▶ **Problem description**
Copies of all lines that contain "each" are needed; take them from the data below.

Data excerpts
Content starts

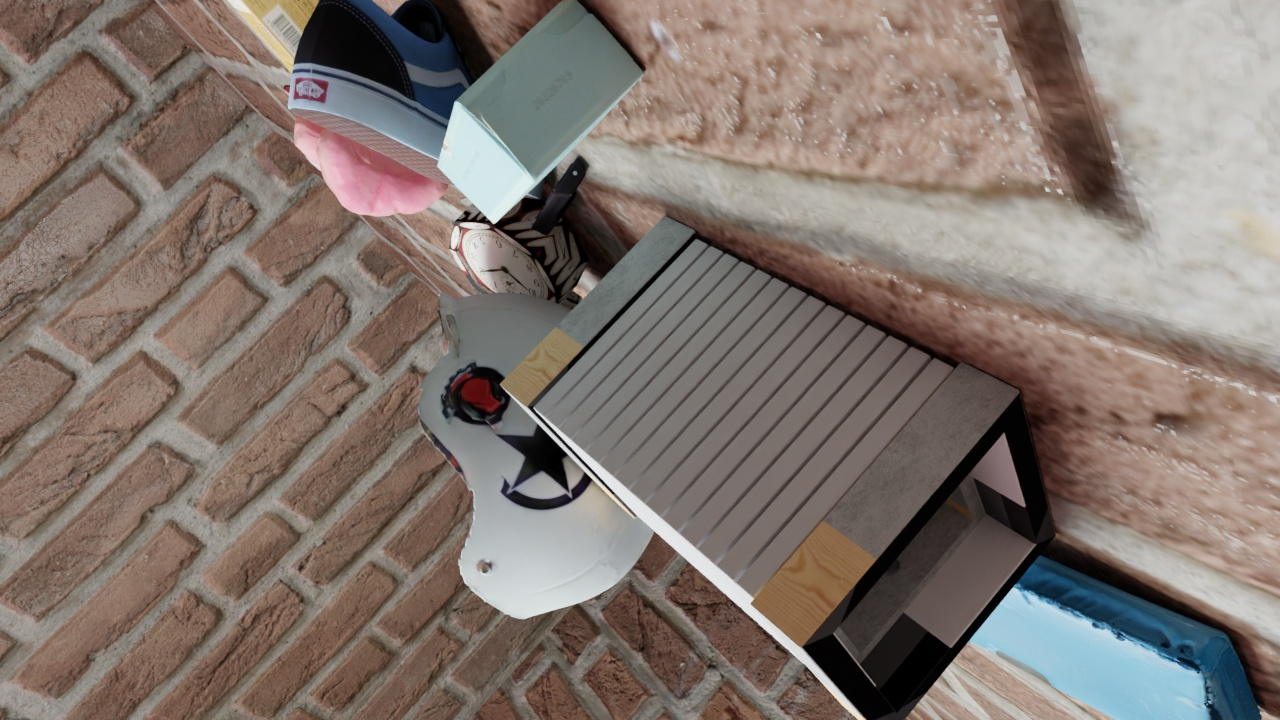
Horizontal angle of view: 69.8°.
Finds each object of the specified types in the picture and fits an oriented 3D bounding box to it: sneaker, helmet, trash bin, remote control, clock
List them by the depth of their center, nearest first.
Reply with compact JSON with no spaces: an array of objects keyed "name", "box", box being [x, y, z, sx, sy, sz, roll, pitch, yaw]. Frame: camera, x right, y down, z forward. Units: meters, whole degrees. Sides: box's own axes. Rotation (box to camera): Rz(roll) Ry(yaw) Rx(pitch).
[{"name":"trash bin","box":[0.069,0.053,0.512,0.247,0.142,0.142,35,167,44]},{"name":"sneaker","box":[-0.123,-0.172,0.602,0.083,0.098,0.241,14,180,22]},{"name":"remote control","box":[-0.058,-0.114,0.655,0.015,0.032,0.136,34,172,-10]},{"name":"helmet","box":[-0.068,0.060,0.730,0.237,0.163,0.263,91,165,-76]},{"name":"clock","box":[-0.099,-0.084,0.803,0.115,0.064,0.155,24,148,19]}]

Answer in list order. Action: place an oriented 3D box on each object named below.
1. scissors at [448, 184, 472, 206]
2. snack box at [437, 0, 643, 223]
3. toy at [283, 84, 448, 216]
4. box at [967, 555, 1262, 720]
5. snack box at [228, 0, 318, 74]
[{"name":"scissors","box":[-0.156,-0.162,0.901,0.226,0.016,0.162,34,167,43]},{"name":"snack box","box":[-0.061,-0.124,0.485,0.053,0.075,0.175,46,171,-13]},{"name":"toy","box":[-0.273,-0.207,0.898,0.141,0.084,0.213,13,-157,-37]},{"name":"box","box":[0.216,0.143,0.527,0.232,0.048,0.093,22,158,53]},{"name":"snack box","box":[-0.322,-0.319,0.788,0.056,0.057,0.207,31,165,40]}]

Content ends

▶ **Answer for the task**
Finds each object of the specified types in the picture and fits an oriented 3D bounding box to it: sneaker, helmet, trash bin, remote control, clock
Answer in list order. Action: place an oriented 3D box on each object named below.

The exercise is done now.